Ahh, very good. The idea is that I shouldn't be reading s24A(8) as being in conjunction with s24A(2A)(d), it has nothing to do with that. (8) provides the ability to then prosecute for handling of stolen goods under s22, rather than an intention to expand the type of conduct covered by s24A?

That makes a lot more sense. Thanks indeed for taking the time to provide the links and the explanation.
Original post by TeenPolyglot
That happened to me when I had 3,500 placed into my account. I told them about it, and they gave me £1,750 as a 'sweet gift' for my honesty :':wink:


That sounds highly improbable. Commercial banks don't get to where they are by giving away money.
Original post by Eggs20
I could just take the 80000 and go to the casino and put it all on red. If it comes up I could let the bank know about their mistake and give the orignal 80000 back. If not just keep my mouth shut and act stupid if the bank ever come calling.

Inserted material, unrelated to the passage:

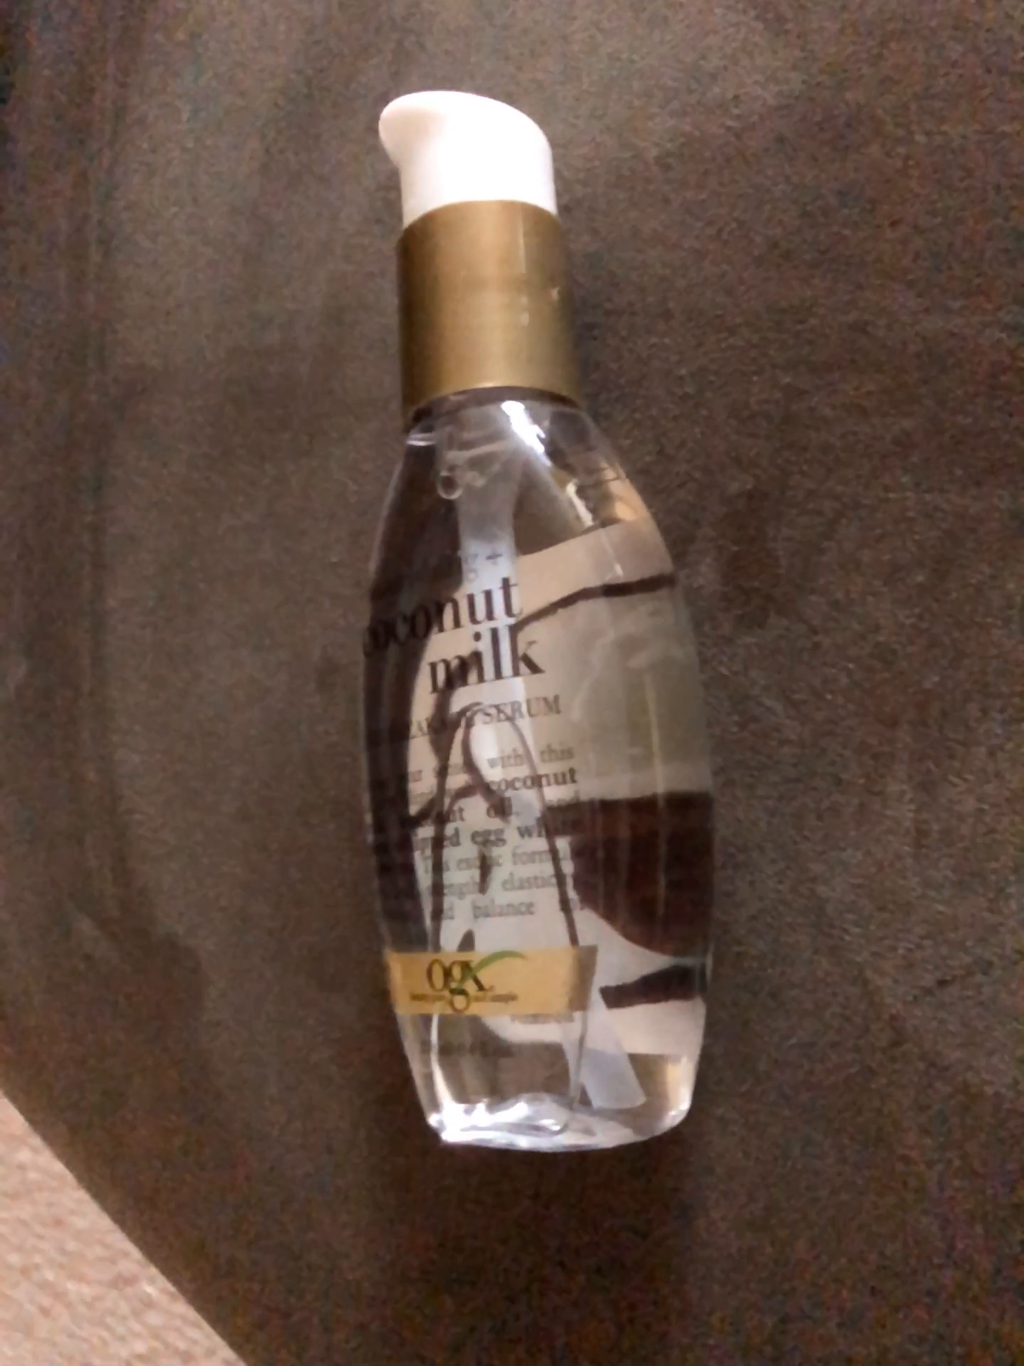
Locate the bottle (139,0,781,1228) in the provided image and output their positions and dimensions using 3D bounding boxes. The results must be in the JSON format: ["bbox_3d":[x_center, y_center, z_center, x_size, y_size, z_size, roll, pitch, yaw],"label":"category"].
[{"bbox_3d":[-0.011,-0.020,0.168,0.070,0.040,0.170,-9,82,33],"label":"bottle"}]

The Bank: Oh? You didn't realise you made an £80,000 withdrawal/made an online transaction for £80,000?

They would see that you've used it if you betted online or in a casino...
Reply 137
It was me. A gift from me to you.

Posted from TSR Mobile
Reply 138
Original post by ILovePancakes
Stfu I was going to say that..


too slow as always pancake eater.
Reply 139
Original post by SirMasterKey
The Bank: Oh? You didn't realise you made an £80,000 withdrawal/made an online transaction for £80,000?

They would see that you've used it if you betted online or in a casino...


I could say it wasn't me and it must be fraud.